> [EXERCISE] Copy each line of the entries that contains the word "paths".

(Dataset entries)
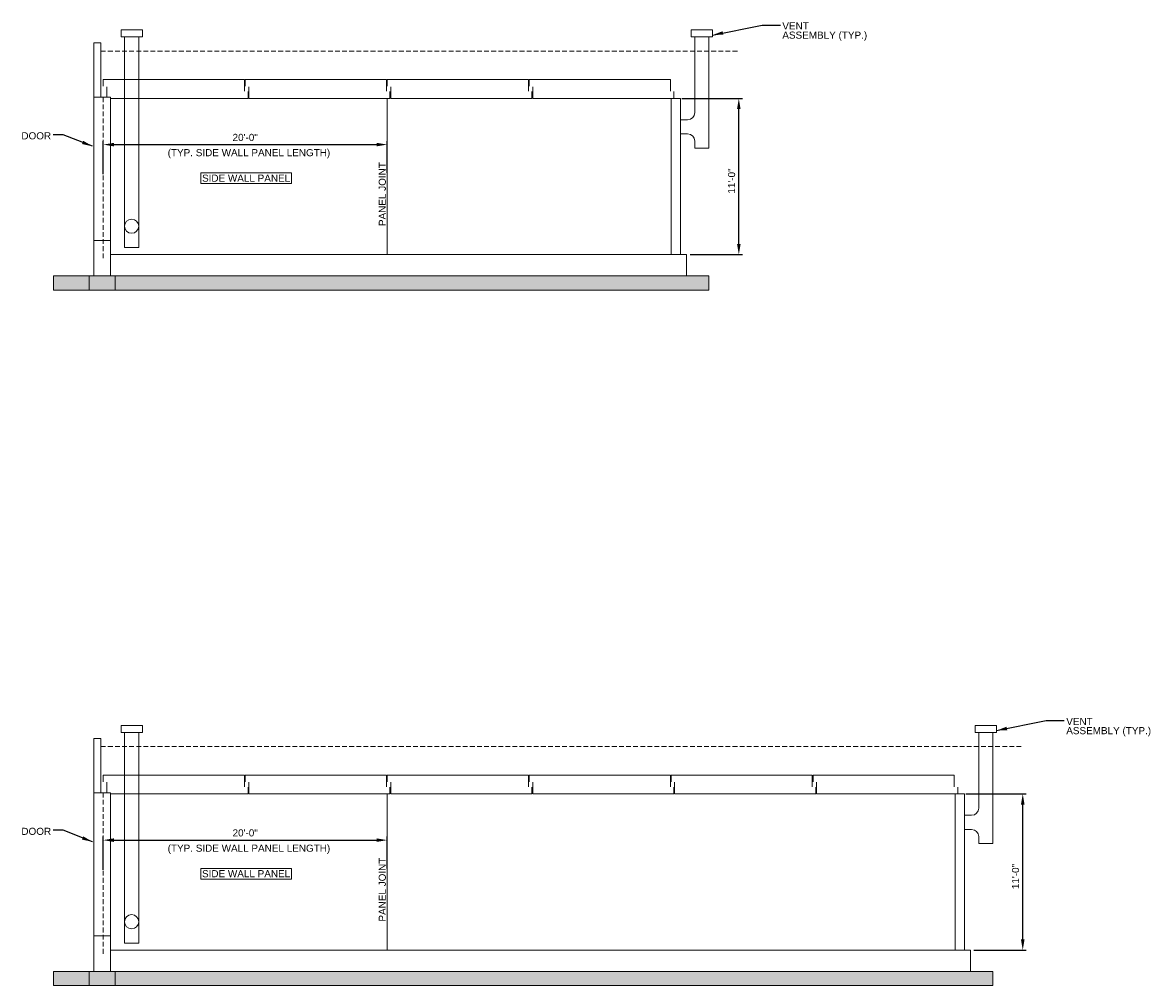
# Model space of a CAD drawing. Header units: inches. Extents: x -42 to 1144, y -1115 to 288.
# Tile 2 of 2: x -42 to 904, y -527 to 288. Entities that reach past the tile are written whole.
import ezdxf
from ezdxf.enums import TextEntityAlignment as Align

# ---------------------------------------------------------------- set-up
doc = ezdxf.new("R2010")
doc.units = ezdxf.units.IN
doc.header["$LTSCALE"] = 16
doc.header["$MEASUREMENT"] = 0
doc.linetypes.add('DASHED2', pattern=[0.375, 0.25, -0.125])
doc.linetypes.add('HIDDEN', pattern=[0.375, 0.25, -0.125])
doc.layers.get('0').update_dxf_attribs({"color": 251, "lineweight": 0, "plot": 0})
for name, color, linetype, lineweight in [('G-ANNO-DIM', 253, 'Continuous', 9), ('G-ANNO-TEXT', 253, 'Continuous', 9), ('S-FNDN-FTNG', 253, 'Continuous', 9), ('S-FNDN-PEDS', 253, 'Continuous', 9), ('S-WALL-LOAD', 253, 'Continuous', 9)]:
    doc.layers.add(name, color=color, linetype=linetype, lineweight=lineweight)
doc.styles.add("_1 4 1'-0", font='arial.ttf', dxfattribs={"height": 6})
doc.dimstyles.new("1 4 1'-0", dxfattribs={"dimtxt": 6, "dimasz": 9, "dimexe": 3, "dimexo": 3, "dimgap": 3, "dimtad": 1, "dimdec": 0, "dimzin": 11, "dimdsep": 46, "dimlunit": 3, "dimtxsty": "_1 4 1'-0", "dimcen": 0.09, "dimadec": 4, "dimazin": 3, "dimtfac": 1, "dimtdec": 0, "dimtofl": 0, "dimtmove": 0, "dimatfit": 3, "dimfxl": 1, "dimfrac": 2, "dimtzin": 11, "dimarcsym": 0})

# ---------------------------------------------------------------- blocks, each defined once
blk = doc.blocks.new('*D3')
at = {"layer": 'G-ANNO-DIM', "color": 0, "lineweight": -2, "transparency": 16777216}
for p, q in [((25.98, 159.45), (25.98, 187.43)), ((34.98, 184.43), (256.98, 184.43)), ((265.98, 160.46), (265.98, 187.43))]:
    blk.add_line(p, q, dxfattribs=at)
at = {"layer": 'G-ANNO-DIM', "color": 0, "transparency": 16777216}
for points in [[(34.98, 185.93), (34.98, 182.93), (25.98, 184.43)], [(256.98, 185.93), (256.98, 182.93), (265.98, 184.43)]]:
    blk.add_solid(points, dxfattribs=at)
at = {"layer": 'G-ANNO-DIM', "color": 0, "transparency": 16777216, "insert": (145.98, 190.49), "char_height": 6, "attachment_point": 5, "style": "_1 4 1'-0"}
blk.add_mtext('20\'-0"', dxfattribs=at)
blk = doc.blocks.new('*D4')
at = {"layer": 'G-ANNO-DIM', "color": 0, "lineweight": -2, "transparency": 16777216}
for p, q in [((514.98, 223.46), (566.23, 223.46)), ((563.23, 100.45), (563.23, 214.46)), ((521.98, 91.45), (566.23, 91.45))]:
    blk.add_line(p, q, dxfattribs=at)
at = {"layer": 'G-ANNO-DIM', "color": 0, "transparency": 16777216}
for points in [[(561.73, 214.46), (564.73, 214.46), (563.23, 223.46)], [(561.73, 100.45), (564.73, 100.45), (563.23, 91.45)]]:
    blk.add_solid(points, dxfattribs=at)
at = {"layer": 'G-ANNO-DIM', "color": 0, "transparency": 16777216, "insert": (557.16, 153.65), "char_height": 6, "attachment_point": 5, "rotation": 90, "style": "_1 4 1'-0"}
blk.add_mtext('11\'-0"', dxfattribs=at)
blk = doc.blocks.new('*D6')
at = {"layer": 'G-ANNO-DIM', "color": 0, "lineweight": -2, "transparency": 16777216}
for p, q in [((25.98, -428.53), (25.98, -400.54)), ((34.98, -403.54), (256.98, -403.54)), ((265.98, -427.52), (265.98, -400.54))]:
    blk.add_line(p, q, dxfattribs=at)
at = {"layer": 'G-ANNO-DIM', "color": 0, "transparency": 16777216}
for points in [[(34.98, -402.04), (34.98, -405.04), (25.98, -403.54)], [(256.98, -402.04), (256.98, -405.04), (265.98, -403.54)]]:
    blk.add_solid(points, dxfattribs=at)
at = {"layer": 'G-ANNO-DIM', "color": 0, "transparency": 16777216, "insert": (145.98, -397.48), "char_height": 6, "attachment_point": 5, "style": "_1 4 1'-0"}
blk.add_mtext('20\'-0"', dxfattribs=at)
blk = doc.blocks.new('*D7')
at = {"layer": 'G-ANNO-DIM', "color": 0, "lineweight": -2, "transparency": 16777216}
for p, q in [((754.98, -364.52), (806.23, -364.52)), ((803.23, -487.53), (803.23, -373.52)), ((761.98, -496.53), (806.23, -496.53))]:
    blk.add_line(p, q, dxfattribs=at)
at = {"layer": 'G-ANNO-DIM', "color": 0, "transparency": 16777216}
for points in [[(801.73, -373.52), (804.73, -373.52), (803.23, -364.52)], [(801.73, -487.53), (804.73, -487.53), (803.23, -496.53)]]:
    blk.add_solid(points, dxfattribs=at)
at = {"layer": 'G-ANNO-DIM', "color": 0, "transparency": 16777216, "insert": (797.16, -434.32), "char_height": 6, "attachment_point": 5, "rotation": 90, "style": "_1 4 1'-0"}
blk.add_mtext('11\'-0"', dxfattribs=at)

msp = doc.modelspace()

# ---------------------------------------------------------------- hatches: boundary and pattern name
at = {"layer": 'G-ANNO-TEXT', "transparency": 33554483}
h = msp.add_hatch(color=256, dxfattribs=at)
h.dxf.hatch_style = 1
h.paths.add_polyline_path([(13.98, 73.45), (-16.02, 73.45), (-16.02, 61.45), (13.98, 61.45)])
h.paths.add_polyline_path([(35.98, 73.45), (13.98, 73.45), (13.98, 61.45), (35.98, 61.45)])
h.paths.add_polyline_path([(105.98, 73.45), (35.98, 73.45), (35.98, 61.45), (105.98, 61.45)])
h.paths.add_polyline_path([(537.98, 73.45), (105.98, 73.45), (105.98, 61.45), (537.98, 61.45)])
h = msp.add_hatch(color=256, dxfattribs=at)
h.dxf.hatch_style = 1
h.paths.add_polyline_path([(13.98, -514.53), (-16.02, -514.53), (-16.02, -526.53), (13.98, -526.53)])
h.paths.add_polyline_path([(35.98, -514.53), (13.98, -514.53), (13.98, -526.53), (35.98, -526.53)])
h.paths.add_polyline_path([(105.98, -514.53), (35.98, -514.53), (35.98, -526.53), (105.98, -526.53)])
h.paths.add_polyline_path([(777.98, -514.53), (105.98, -514.53), (105.98, -526.53), (777.98, -526.53)])

# ---------------------------------------------------------------- linework, layer by layer
for p, q in [((44.03, 275.45), (44.03, 97.45)), ((56.03, 275.45), (55.97, 97.45)), ((44.03, 97.45), (55.97, 97.45)), ((44.03, -312.53), (44.03, -490.53)), ((56.03, -312.53), (55.97, -490.53)), ((44.03, -490.53), (55.97, -490.53))]:
    msp.add_line(p, q)
for centre in [(49.98, 115.45), (49.98, -472.53)]:
    msp.add_circle(centre, 6)
for points in [[(41.03, 281.45), (59.03, 281.45), (59.03, 275.45), (41.03, 275.45)], [(41.03, -306.53), (59.03, -306.53), (59.03, -312.53), (41.03, -312.53)]]:
    msp.add_3dface(points)
at = {"layer": 'G-ANNO-TEXT'}
for p, q in [((525.98, 275.46), (525.98, 211.46)), ((537.98, 275.46), (537.98, 199.46)), ((25.98, 239.46), (25.98, 233.71)), ((25.98, 239.46), (44.03, 239.46)), ((44.03, 239.46), (56.32, 239.46)), ((56.01, 239.46), (145.36, 239.46)), ((145.36, 239.46), (145.36, 229.52)), ((145.98, 239.46), (145.98, 233.71)), ((145.98, 239.46), (265.36, 239.46)), ((265.36, 239.46), (265.36, 229.52)), ((265.98, 239.46), (265.98, 233.71)), ((265.98, 239.46), (385.36, 239.46)), ((385.36, 239.46), (385.36, 229.52)), ((385.98, 239.46), (385.98, 233.71)), ((385.98, 239.46), (505.36, 239.46)), ((505.36, 239.46), (505.36, 229.52)), ((28.98, 224.45), (28.98, 233.39)), ((148.36, 229.21), (148.36, 223.46)), ((148.98, 223.46), (148.98, 233.39)), ((268.36, 229.21), (268.36, 223.46)), ((268.98, 223.46), (268.98, 233.39)), ((388.36, 229.21), (388.36, 223.46)), ((388.98, 223.46), (388.98, 233.39)), ((508.36, 229.21), (508.36, 223.46)), ((31.98, 223.46), (44.03, 223.46)), ((56, 223.45), (44.03, 223.45)), ((56, 223.46), (148.36, 223.46)), ((148.98, 223.46), (268.36, 223.46)), ((265.98, 223.46), (265.98, 91.46)), ((268.98, 223.46), (388.36, 223.46)), ((388.98, 223.46), (508.36, 223.46)), ((519.98, 205.46), (513.98, 205.46)), ((519.98, 193.46), (513.98, 193.46)), ((525.98, 187.46, 0), (525.98, 181.46, 0)), ((537.98, 73.45), (505.98, 73.45)), ((537.98, 61.45), (505.98, 61.45)), ((765.98, -312.52), (765.98, -376.52)), ((777.98, -312.52), (777.98, -388.52)), ((25.98, -348.52), (25.98, -354.27)), ((25.98, -348.52), (44.03, -348.52)), ((44.03, -348.52), (56.32, -348.52)), ((56.01, -348.52), (145.36, -348.52)), ((145.36, -348.52), (145.36, -358.45)), ((145.98, -348.52), (145.98, -354.27)), ((145.98, -348.52), (265.36, -348.52)), ((265.36, -348.52), (265.36, -358.45)), ((265.98, -348.52), (265.98, -354.27)), ((265.98, -348.52), (385.36, -348.52)), ((385.36, -348.52), (385.36, -358.45)), ((385.98, -348.52), (385.98, -354.27)), ((385.98, -348.52), (505.36, -348.52)), ((505.36, -348.52), (505.36, -358.45)), ((505.98, -348.52), (505.98, -354.27)), ((505.98, -348.52), (625.36, -348.52)), ((625.36, -348.52), (625.36, -358.45)), ((625.98, -348.52), (625.98, -354.27)), ((625.98, -348.52), (745.36, -348.52)), ((745.36, -348.52), (745.36, -358.45)), ((28.98, -363.53), (28.98, -354.58)), ((148.36, -358.77), (148.36, -364.52)), ((148.98, -364.52), (148.98, -354.58)), ((268.36, -358.77), (268.36, -364.52)), ((268.98, -364.52), (268.98, -354.58)), ((388.36, -358.77), (388.36, -364.52)), ((388.98, -364.52), (388.98, -354.58)), ((508.36, -358.77), (508.36, -364.52)), ((508.98, -364.52), (508.98, -354.58)), ((628.36, -358.77), (628.36, -364.52)), ((628.98, -364.52), (628.98, -354.58)), ((748.36, -358.77), (748.36, -364.52)), ((31.98, -364.52), (44.03, -364.52)), ((56, -364.53), (44.03, -364.53)), ((56, -364.52), (148.36, -364.52)), ((148.98, -364.52), (268.36, -364.52)), ((265.98, -364.52), (265.98, -496.52)), ((268.98, -364.52), (388.36, -364.52)), ((388.98, -364.52), (508.36, -364.52)), ((508.98, -364.52), (628.36, -364.52)), ((628.98, -364.52), (748.36, -364.52)), ((759.98, -382.52), (753.98, -382.52)), ((759.98, -394.52), (753.98, -394.52)), ((765.98, -400.52, 0), (765.98, -406.52, 0)), ((777.98, -514.53), (745.98, -514.53)), ((777.98, -526.53), (745.98, -526.53))]:
    msp.add_line(p, q, dxfattribs=at)
at = {"layer": 'G-ANNO-TEXT', "linetype": 'DASHED2'}
for p, q in [((561.98, 263.46), (23.98, 263.46)), ((801.98, -324.52), (23.98, -324.52))]:
    msp.add_line(p, q, dxfattribs=at)
at = {"layer": 'G-ANNO-TEXT', "linetype": 'HIDDEN'}
for p, q in [((25.98, 224.45), (25.98, 88.45)), ((25.98, -363.53), (25.98, -499.53))]:
    msp.add_line(p, q, dxfattribs=at)
at = {"layer": 'G-ANNO-TEXT', "elevation": 0, "flags": 128}
for points in [[(537.98, 199.46), (537.98, 181.46), (525.98, 181.46)], [(777.98, -388.52), (777.98, -406.52), (765.98, -406.52)]]:
    msp.add_lwpolyline(points, dxfattribs=at)
at = {"layer": 'G-ANNO-TEXT', "extrusion": (0, 0, -1)}
for centre in [(-519.98, 211.46), (-759.98, -376.52)]:
    msp.add_arc(centre, 6, 180, 270, dxfattribs=at)
at = {"layer": 'G-ANNO-TEXT'}
for centre in [(519.98, 187.46), (759.98, -400.52)]:
    msp.add_arc(centre, 6, 0, 90, dxfattribs=at)
for points in [[(540.98, 281.46), (522.98, 281.46), (522.98, 275.46), (540.98, 275.46)], [(108.6, 160.48), (185.19, 160.48), (185.19, 151.53), (108.6, 151.53)], [(780.98, -306.52), (762.98, -306.52), (762.98, -312.52), (780.98, -312.52)], [(108.6, -427.5), (185.19, -427.5), (185.19, -436.44), (108.6, -436.44)]]:
    msp.add_3dface(points, dxfattribs=at)
at = {"layer": 'S-FNDN-FTNG'}
for p, q in [((-16.02, 73.45), (-16.02, 61.45)), ((-16.02, 73.45), (505.98, 73.45)), ((13.98, 73.45), (13.98, 61.45)), ((35.98, 73.45), (35.98, 61.45)), ((537.98, 73.45), (537.98, 61.45)), ((-16.02, 61.45), (505.98, 61.45)), ((-16.02, -514.53), (-16.02, -526.53)), ((-16.02, -514.53), (745.98, -514.53)), ((13.98, -514.53), (13.98, -526.53)), ((35.98, -514.53), (35.98, -526.53)), ((777.98, -514.53), (777.98, -526.53)), ((-16.02, -526.53), (745.98, -526.53))]:
    msp.add_line(p, q, dxfattribs=at)
at = {"layer": 'S-FNDN-PEDS'}
for p, q in [((31.98, 91.45), (518.98, 91.45)), ((518.98, 91.45), (518.98, 73.46)), ((31.98, -496.53), (758.98, -496.53)), ((758.98, -496.53), (758.98, -514.52))]:
    msp.add_line(p, q, dxfattribs=at)
at = {"layer": 'S-WALL-LOAD'}
for p, q in [((17.98, 224.45), (31.98, 224.45)), ((17.98, 224.45), (17.98, 73.45)), ((31.98, 224.45), (31.98, 73.45)), ((505.98, 223.46), (505.98, 91.46)), ((31.98, 103.45), (17.98, 103.45)), ((17.98, -363.53), (31.98, -363.53)), ((17.98, -363.53), (17.98, -514.53)), ((31.98, -363.53), (31.98, -514.53)), ((745.98, -364.52), (745.98, -496.52)), ((31.98, -484.53), (17.98, -484.53))]:
    msp.add_line(p, q, dxfattribs=at)
at = {"layer": 'S-WALL-LOAD', "elevation": 0, "flags": 128}
for points in [[(23.98, 224.46), (23.98, 270.45), (17.98, 270.45), (17.98, 224.45)], [(31.98, 223.46), (31.98, 223.46), (44.03, 223.45)], [(505.98, 223.46), (513.98, 223.46), (513.98, 91.46)], [(23.98, -363.52), (23.98, -317.53), (17.98, -317.53), (17.98, -363.53)], [(31.98, -364.52), (31.98, -364.52), (44.03, -364.53)], [(745.98, -364.52), (753.98, -364.52), (753.98, -496.52)]]:
    msp.add_lwpolyline(points, dxfattribs=at)

# ---------------------------------------------------------------- texts
at = {"layer": 'G-ANNO-DIM', "style": "_1 4 1'-0"}
for s, p in [('(TYP. SIDE WALL PANEL LENGTH)', (80.45, 177.62)), ('SIDE WALL PANEL', (109.49, 156.07)), ('(TYP. SIDE WALL PANEL LENGTH)', (80.45, -410.35)), ('SIDE WALL PANEL', (109.49, -431.9))]:
    msp.add_text(s, height=6, dxfattribs=at).set_placement(p, align=Align.MIDDLE_LEFT)
for p in [(261.85, 115.58), (261.85, -472.39)]:
    msp.add_text('PANEL JOINT', height=6, rotation=90, dxfattribs=at).set_placement(p, align=Align.MIDDLE_LEFT)
at = {"layer": 'G-ANNO-DIM', "char_height": 6, "width": 29.9147, "attachment_point": 4, "line_spacing_factor": 0.776524, "style": "_1 4 1'-0"}
for insert in [(-43.19, 191.84), (-43.19, -396.14)]:
    msp.add_mtext('DOOR', dxfattribs=dict(at, insert=insert))
at = {"layer": 'G-ANNO-TEXT', "char_height": 6, "width": 75.4249, "attachment_point": 1, "line_spacing_factor": 0.776524, "style": "_1 4 1'-0"}
for insert in [(600.01, 287.76), (840.01, -300.22)]:
    msp.add_mtext('VENT\\PASSEMBLY (TYP.)', dxfattribs=dict(at, insert=insert))

# ---------------------------------------------------------------- dimensions: what is measured, and where the dimension line sits
at = {"layer": 'G-ANNO-DIM'}
for base, p1, p2, picture, middle in [((563.23, 223.46), (518.98, 91.45), (511.98, 223.46), '*D4', (563.23, 153.65)), ((803.23, -364.52), (758.98, -496.53), (751.98, -364.52), '*D7', (803.23, -434.32))]:
    dim = msp.add_linear_dim(base=base, p1=p1, p2=p2, angle=90, dimstyle="1 4 1'-0", dxfattribs=at)
    dim.commit()
    dim.dimension.update_dxf_attribs({"geometry": picture, "text_midpoint": middle, "dimtype": 160})
for base, p1, p2, picture, middle in [((265.98, 184.43), (25.98, 156.45), (265.98, 157.46), '*D3', (145.98, 184.43)), ((265.98, -403.54), (25.98, -431.53), (265.98, -430.52), '*D6', (145.98, -403.54))]:
    dim = msp.add_linear_dim(base=base, p1=p1, p2=p2, dimstyle="1 4 1'-0", dxfattribs=at)
    dim.commit()
    dim.dimension.update_dxf_attribs({"geometry": picture, "text_midpoint": middle, "dimtype": 160})

# ---------------------------------------------------------------- leaders
at = {"layer": 'G-ANNO-TEXT'}
for points in [[(541.01, 277.06), (582.97, 285.44), (598.36, 285.44)], [(16.92, 183), (-7.84, 192.78), (-16.35, 192.78)], [(781.01, -310.91), (822.97, -302.53), (838.36, -302.53)], [(16.92, -404.98), (-7.84, -395.19), (-16.35, -395.19)]]:
    msp.add_leader(points, dimstyle="1 4 1'-0", override={"dimgap": 6}, dxfattribs=at)

doc.saveas('drawing.dxf')

> [SOLUTION FOR THIS TASK]
h.paths.add_polyline_path([(13.98, 73.45), (-16.02, 73.45), (-16.02, 61.45), (13.98, 61.45)])
h.paths.add_polyline_path([(35.98, 73.45), (13.98, 73.45), (13.98, 61.45), (35.98, 61.45)])
h.paths.add_polyline_path([(105.98, 73.45), (35.98, 73.45), (35.98, 61.45), (105.98, 61.45)])
h.paths.add_polyline_path([(537.98, 73.45), (105.98, 73.45), (105.98, 61.45), (537.98, 61.45)])
h.paths.add_polyline_path([(13.98, -514.53), (-16.02, -514.53), (-16.02, -526.53), (13.98, -526.53)])
h.paths.add_polyline_path([(35.98, -514.53), (13.98, -514.53), (13.98, -526.53), (35.98, -526.53)])
h.paths.add_polyline_path([(105.98, -514.53), (35.98, -514.53), (35.98, -526.53), (105.98, -526.53)])
h.paths.add_polyline_path([(777.98, -514.53), (105.98, -514.53), (105.98, -526.53), (777.98, -526.53)])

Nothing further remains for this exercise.